◆ **WORK INSTRUCTION**:
Count the lines in the records that hold the string "onttrokken". Only the number should be given.

*** DATASET EXCERPTS ***

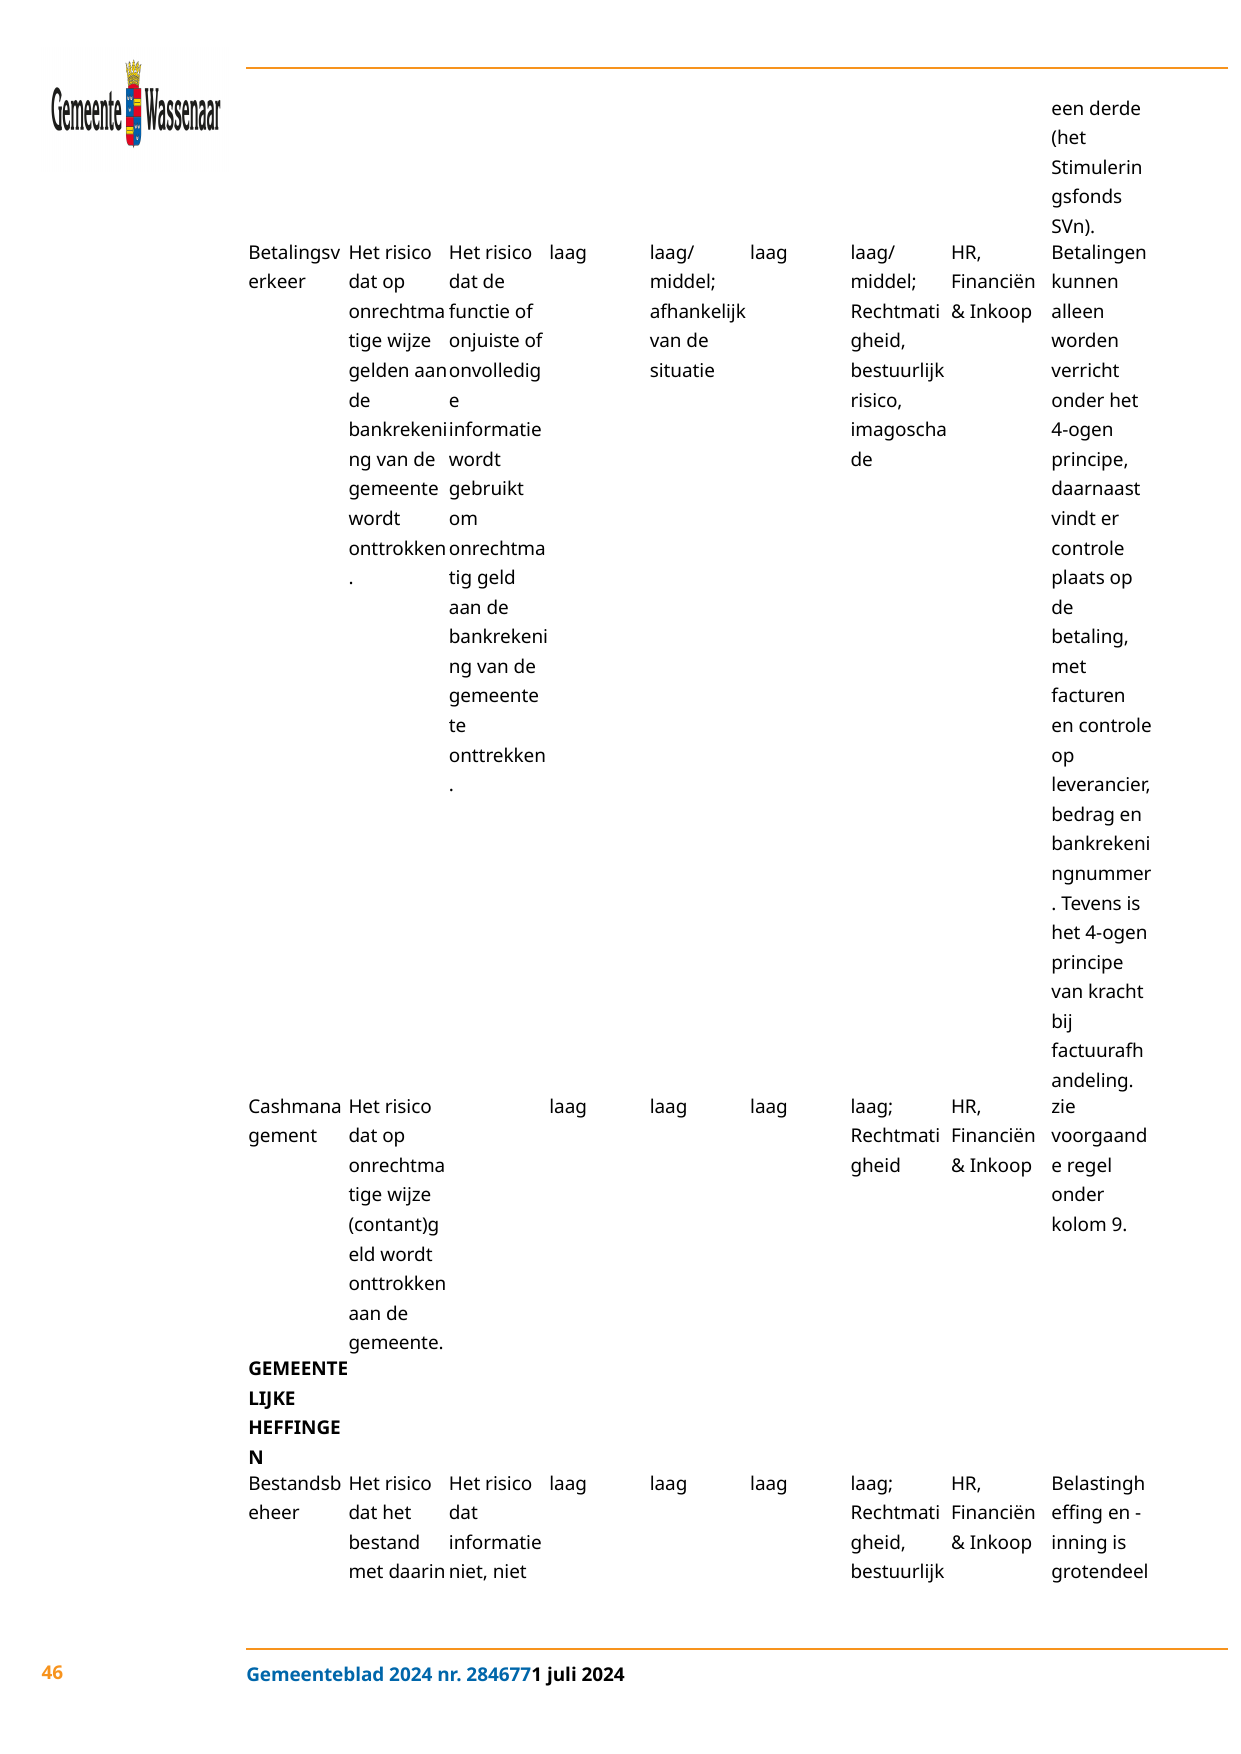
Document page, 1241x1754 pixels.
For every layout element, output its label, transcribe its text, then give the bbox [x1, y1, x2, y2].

table_cell Betalingsverkeer [248, 239, 348, 1093]
table_cell een derde (het Stimuleringsfonds SVn). [1051, 95, 1152, 239]
table_cell [650, 95, 750, 239]
table_cell [850, 1355, 951, 1470]
table_cell laag [549, 239, 649, 1093]
table_cell [1051, 1355, 1152, 1470]
table_cell Belastingheffing en -inning is grotendeel [1051, 1470, 1152, 1584]
table_cell laag [650, 1470, 750, 1584]
table_cell Het risico dat op onrechtmatige wijze gelden aan de bankrekening van de gemeente wordt onttrokken. [348, 239, 449, 1093]
table_cell laag [549, 1093, 649, 1355]
table_cell [650, 1355, 750, 1470]
table_cell [750, 95, 850, 239]
table_cell Het risico dat het bestand met daarin [348, 1470, 449, 1584]
table_cell GEMEENTELIJKE HEFFINGEN [248, 1355, 348, 1470]
table_cell [248, 95, 348, 239]
table_cell laag/middel; afhankelijk van de situatie [650, 239, 750, 1093]
table_cell [449, 1355, 549, 1470]
table_cell Cashmanagement [248, 1093, 348, 1355]
table_cell [951, 1355, 1051, 1470]
table_cell Betalingen kunnen alleen worden verricht onder het 4-ogen principe, daarnaast vindt er controle plaats op de betaling, met facturen en controle op leverancier, bedrag en bankrekeningnummer. Tevens is het 4-ogen principe van kracht bij factuurafhandeling. [1051, 239, 1152, 1093]
table_cell [449, 95, 549, 239]
table_cell laag [750, 1470, 850, 1584]
table_cell Het risico dat informatie niet, niet [449, 1470, 549, 1584]
table_cell [549, 1355, 649, 1470]
table_cell laag [750, 1093, 850, 1355]
table_cell laag [750, 239, 850, 1093]
table_cell HR, Financiën & Inkoop [951, 239, 1051, 1093]
table_cell laag [650, 1093, 750, 1355]
table_cell [850, 95, 951, 239]
table_cell [348, 95, 449, 239]
table_cell laag; Rechtmatigheid [850, 1093, 951, 1355]
table_cell Het risico dat op onrechtmatige wijze (contant)geld wordt onttrokken aan de gemeente. [348, 1093, 449, 1355]
table_cell Het risico dat de functie of onjuiste of onvolledige informatie wordt gebruikt om onrechtmatig geld aan de bankrekening van de gemeente te onttrekken. [449, 239, 549, 1093]
table_cell [951, 95, 1051, 239]
table_cell [549, 95, 649, 239]
table_cell [449, 1093, 549, 1355]
table_cell [750, 1355, 850, 1470]
table_cell laag [549, 1470, 649, 1584]
table_cell [348, 1355, 449, 1470]
table_cell HR, Financiën & Inkoop [951, 1470, 1051, 1584]
table_cell laag/middel; Rechtmatigheid, bestuurlijk risico, imagoschade [850, 239, 951, 1093]
table_cell HR, Financiën & Inkoop [951, 1093, 1051, 1355]
table_cell Bestandsbeheer [248, 1470, 348, 1584]
table_cell zie voorgaande regel onder kolom 9. [1051, 1093, 1152, 1355]
table_cell laag; Rechtmatigheid, bestuurlijk [850, 1470, 951, 1584]
picture [41, 47, 231, 172]

*** End of DATASET EXCERPTS ***

◆ **ANSWER**:
2